Adrien Robinson, head of global specialty at The Hartford, suggested that it is more of a stabilized insurance market now than two years ago.

“People call it a nuanced market,” he said. “The vast majority of the specialty lines are where you're getting a small rate increase or decrease and generally rates are staying on top of loss cost trend.”

Robinson said that exceptions to this include the larger, more cat-exposed property business, which is more competitive. In contrast, the U.S. casualty market also has a lot of dislocation following losses ramping up following a slowdown amid court closures during the pandemic.

“Despite all that, I think this is a great market where folks who are healthy and have the right tools in place and the right team can really make a difference and really perform well.
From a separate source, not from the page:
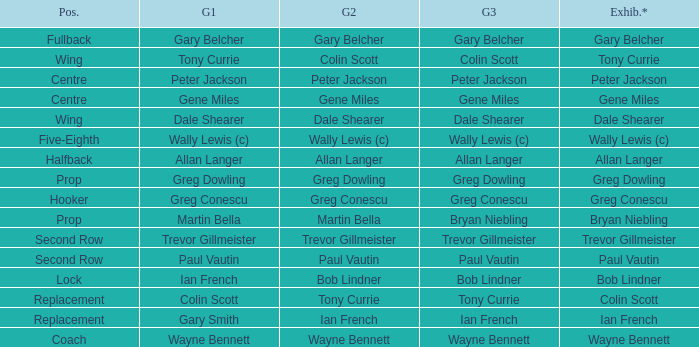Wjat game 3 has ian french as a game of 2? Ian French. 
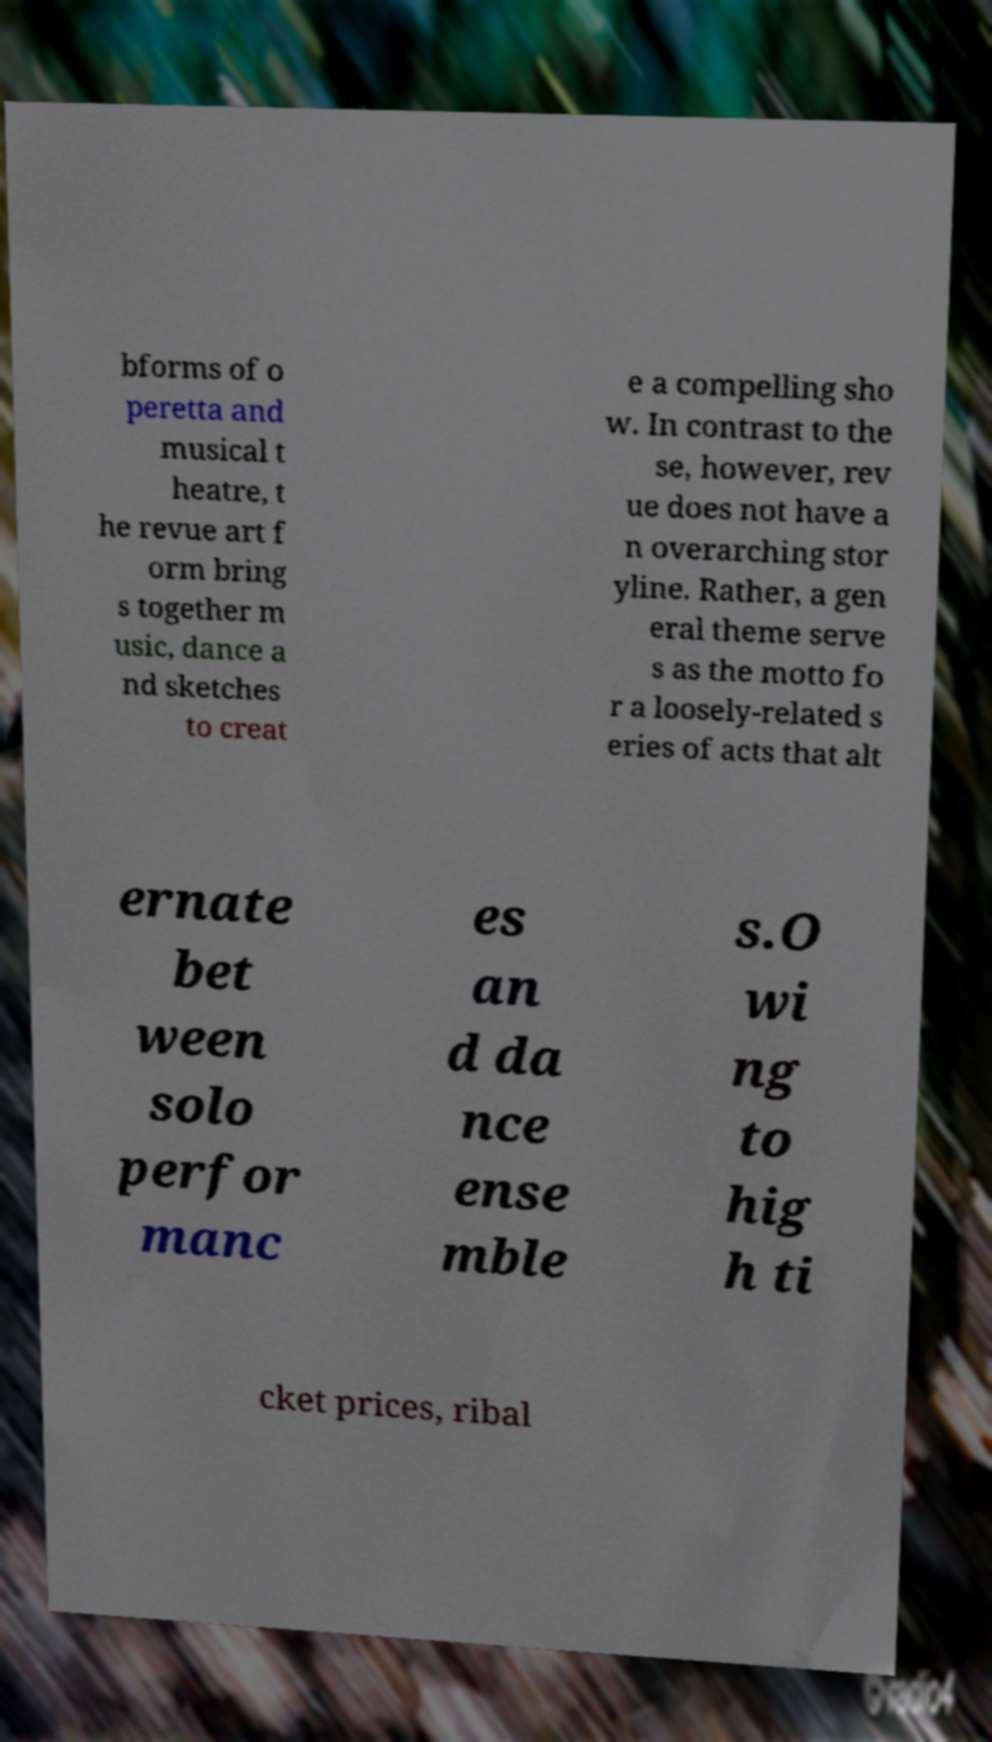Could you extract and type out the text from this image? bforms of o peretta and musical t heatre, t he revue art f orm bring s together m usic, dance a nd sketches to creat e a compelling sho w. In contrast to the se, however, rev ue does not have a n overarching stor yline. Rather, a gen eral theme serve s as the motto fo r a loosely-related s eries of acts that alt ernate bet ween solo perfor manc es an d da nce ense mble s.O wi ng to hig h ti cket prices, ribal

I think if you're in good shape, you can outperform in a market that we’re in,” Robinson said.

EXCESS CASUALTY MARKET CONSTRAINED

Willis in its Insurance Marketplace Realities report released just before the Riskworld event started highlighted the ample and growing capacity in the U.S. commercial insurance market.

In the report Jon Drummond, head of broking North America at Willis, said that buyers are finding more negotiating power and flexibility in today’s market.

“Capacity is operating at a surplus in most lines of insurance, with one notable exception: excess casualty. However, even in this historically constrained segment, we are seeing a meaningful shift,” he said in the report.

This was echoed by executives at the Riskworld event, where excess casualty was a big theme.

Several executives The Insurer spoke to were intrigued by the U.S. excess casualty facility announced last week by Chubb, Zurich North America and National Indemnity.

In a statement commenting on the facility launch, Zurich North America CEO Kristof Terryn highlighted that businesses were facing decreases in available capacity, as well as rising coverage costs.

"This facility creates a sustainable answer to the litigation environment, whose volatility has continued to frustrate our customers, while helping to stabilize capacity in the excess casualty market,” he said.

Speaking to The Insurer at Riskworld, executive vice president of analytics at CAC Group Nate Baseman, also said that excess casualty is seeing some increased capacity.

“I think the rate levels are now in a position where people feel a little bit more comfortable and feel like they have their arms around it a little bit more,” he said. “Maybe it's early signs that some of these excess markets want to start to get on risk with the hope that some of the tort reform can limit that (legal system abuse) and maybe that's an attractive area to start to play in and grow some premium.”

Baseman said the commercial insurance market overall remains “pretty profitable and well positioned, even given some of the headwinds that are facing it”.